Since Hindi is mostly used in the lower courts in MP, one should have fair understanding and at the same time the ability to write in Hindi. If one wants to refer to any textbook then Sighal’s guide is a decent book available in the market.


Did you practice translation exercises during your preparation?

Yes, I practised a few questions which were asked in previous years.


How did you prepare for the judgment writing exercise?

Judgment writing is very important to clear mains. Out of 200 marks in mains, 50 marks have been allotted for judgment writing. This is the part which many students ignore and since there is a minimum cut-off for each paper, it becomes very important to get a good score in judgment writing.

There are two judgment writing questions asked in the mains- one on civil law and another on criminal law. It is advisable to follow the format of trial court of MP for judgment writing. The main part is how you appraise evidences in a given factual situation. You may decide the case in anyone’s favour but your reasoning should be sound and cogent.

For judgment writing, I practised previous year papers and read a few High Court judgments.


How would you rate the main exam question paper on difficulty?

The exam is not difficult as such provided one has prepared well with a good strategy.


Did you appear for mock interviews?

Yes, I attended a few mock interview sessions organized by my coaching institute. These mock interviews helped me a lot in building confidence.


Any specific strategy you used during the interview?

I haven’t adopted any specific strategy for my interview preparation. I simply revised all my notes before the interview and prepared questions based on my background, home town, college, work experience, recent legal developments etc.


Do you remember any of the questions asked during the interview?

Questions were mostly from simple concepts of procedural law (CPC, CrPC) and local Acts and my background. Some of the questions which I can recall:-

Why do you want to work in MP?

Where have you worked previously?

Why the Judiciary?

How are issues framed in Civil cases?

Provisions and safeguards regarding arrest under CrPC

What is an interpleader suit under CPC?

Question on power of court under S.313 CrPC.

Questions on 2013 CrPC Amendment Act.

Who is a pauper according to CPC?

Difference between inherent powers under CPC and CrPC.

Whether accused can be acquitted after prosecution evidence in Court of Session trial?

Questions relating to Nistar Patrika and Wajib-ul-arz as given under the MP Land Revenue Code.

Can there be an investigation in a complaint case?


Lastly, what message would you like to give to graduates aspiring for judicial services?

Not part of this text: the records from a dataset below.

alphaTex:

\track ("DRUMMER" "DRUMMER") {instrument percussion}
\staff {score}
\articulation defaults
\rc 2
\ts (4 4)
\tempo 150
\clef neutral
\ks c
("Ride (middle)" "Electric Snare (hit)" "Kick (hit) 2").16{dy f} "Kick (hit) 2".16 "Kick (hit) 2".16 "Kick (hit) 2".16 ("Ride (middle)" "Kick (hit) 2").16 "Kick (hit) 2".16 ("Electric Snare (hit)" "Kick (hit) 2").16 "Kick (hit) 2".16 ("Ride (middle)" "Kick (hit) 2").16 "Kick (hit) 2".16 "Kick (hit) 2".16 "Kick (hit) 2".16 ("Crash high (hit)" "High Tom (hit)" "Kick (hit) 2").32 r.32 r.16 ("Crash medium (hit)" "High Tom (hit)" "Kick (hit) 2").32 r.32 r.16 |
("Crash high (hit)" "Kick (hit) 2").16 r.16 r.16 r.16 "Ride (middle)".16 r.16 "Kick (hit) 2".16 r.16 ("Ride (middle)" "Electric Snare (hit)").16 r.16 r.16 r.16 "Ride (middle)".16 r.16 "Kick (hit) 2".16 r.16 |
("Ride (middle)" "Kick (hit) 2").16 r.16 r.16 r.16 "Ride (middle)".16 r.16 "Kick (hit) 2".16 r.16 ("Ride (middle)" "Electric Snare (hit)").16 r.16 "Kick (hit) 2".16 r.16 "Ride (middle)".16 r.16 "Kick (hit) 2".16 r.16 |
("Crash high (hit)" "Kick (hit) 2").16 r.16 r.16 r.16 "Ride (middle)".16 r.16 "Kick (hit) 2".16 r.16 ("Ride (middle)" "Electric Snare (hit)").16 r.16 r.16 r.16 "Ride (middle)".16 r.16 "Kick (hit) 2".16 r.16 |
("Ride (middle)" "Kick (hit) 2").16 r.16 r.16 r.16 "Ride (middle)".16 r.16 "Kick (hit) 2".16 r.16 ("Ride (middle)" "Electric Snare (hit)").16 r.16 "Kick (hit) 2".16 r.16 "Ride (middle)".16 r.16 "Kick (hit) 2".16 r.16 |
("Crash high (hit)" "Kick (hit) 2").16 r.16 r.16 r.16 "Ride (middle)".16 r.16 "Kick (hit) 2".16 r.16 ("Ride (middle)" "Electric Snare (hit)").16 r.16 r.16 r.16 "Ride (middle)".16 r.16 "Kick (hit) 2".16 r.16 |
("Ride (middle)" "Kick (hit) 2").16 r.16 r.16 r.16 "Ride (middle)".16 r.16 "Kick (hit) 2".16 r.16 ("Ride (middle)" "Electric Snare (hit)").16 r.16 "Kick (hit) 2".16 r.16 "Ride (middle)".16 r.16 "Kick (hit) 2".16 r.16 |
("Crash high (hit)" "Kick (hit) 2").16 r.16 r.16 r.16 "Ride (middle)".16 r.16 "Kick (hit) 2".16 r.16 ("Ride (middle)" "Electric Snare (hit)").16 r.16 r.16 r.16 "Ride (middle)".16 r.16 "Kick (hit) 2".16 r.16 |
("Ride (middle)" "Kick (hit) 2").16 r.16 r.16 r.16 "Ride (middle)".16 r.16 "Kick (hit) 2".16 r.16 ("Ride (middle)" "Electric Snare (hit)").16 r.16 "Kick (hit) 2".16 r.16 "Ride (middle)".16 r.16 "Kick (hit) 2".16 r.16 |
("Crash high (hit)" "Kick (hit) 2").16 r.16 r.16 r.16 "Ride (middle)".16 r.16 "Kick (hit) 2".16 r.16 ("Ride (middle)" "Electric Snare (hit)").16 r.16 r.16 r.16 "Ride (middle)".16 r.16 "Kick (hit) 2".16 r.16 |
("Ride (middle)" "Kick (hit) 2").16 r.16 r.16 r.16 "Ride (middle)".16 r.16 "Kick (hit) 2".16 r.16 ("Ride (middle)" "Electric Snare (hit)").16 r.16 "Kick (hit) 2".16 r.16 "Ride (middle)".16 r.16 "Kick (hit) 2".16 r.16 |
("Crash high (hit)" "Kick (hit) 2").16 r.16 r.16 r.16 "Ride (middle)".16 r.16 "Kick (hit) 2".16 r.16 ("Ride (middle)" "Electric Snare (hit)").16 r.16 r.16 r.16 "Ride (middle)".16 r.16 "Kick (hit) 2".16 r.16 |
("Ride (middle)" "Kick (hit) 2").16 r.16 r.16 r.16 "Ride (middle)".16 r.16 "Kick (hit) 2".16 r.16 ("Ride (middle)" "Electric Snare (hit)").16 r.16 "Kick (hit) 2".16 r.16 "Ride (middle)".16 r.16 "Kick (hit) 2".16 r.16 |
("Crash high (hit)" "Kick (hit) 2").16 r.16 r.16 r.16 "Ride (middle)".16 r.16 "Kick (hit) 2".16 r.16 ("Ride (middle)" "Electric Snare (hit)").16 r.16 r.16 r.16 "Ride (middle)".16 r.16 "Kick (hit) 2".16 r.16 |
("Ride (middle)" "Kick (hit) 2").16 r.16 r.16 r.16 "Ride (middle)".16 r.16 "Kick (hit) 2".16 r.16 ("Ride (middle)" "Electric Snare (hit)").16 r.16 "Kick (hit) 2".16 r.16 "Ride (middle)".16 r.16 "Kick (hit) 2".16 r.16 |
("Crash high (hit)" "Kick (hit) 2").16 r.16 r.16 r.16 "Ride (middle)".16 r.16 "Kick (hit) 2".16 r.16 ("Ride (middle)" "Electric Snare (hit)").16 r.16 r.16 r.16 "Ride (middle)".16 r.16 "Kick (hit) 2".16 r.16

Graduates aspiring for judicial services should not be in awe of this exam but move ahead with confidence and a positive attitude. This exam requires constant absorbed hard work with proper planning throughout the preparations. One should be able to identify the core areas of the subject and focus more upon them. Candidates should have their own strategy whatever suits them and stick to it.  They need to stay focused and shall remain detached from any distractions especially the ones coaxing them to think about other career options. Aspirants should never get paranoid about the time they spend while preparing as at the end of the day all their efforts will reap sweet fruits of success. No hard work goes in vain.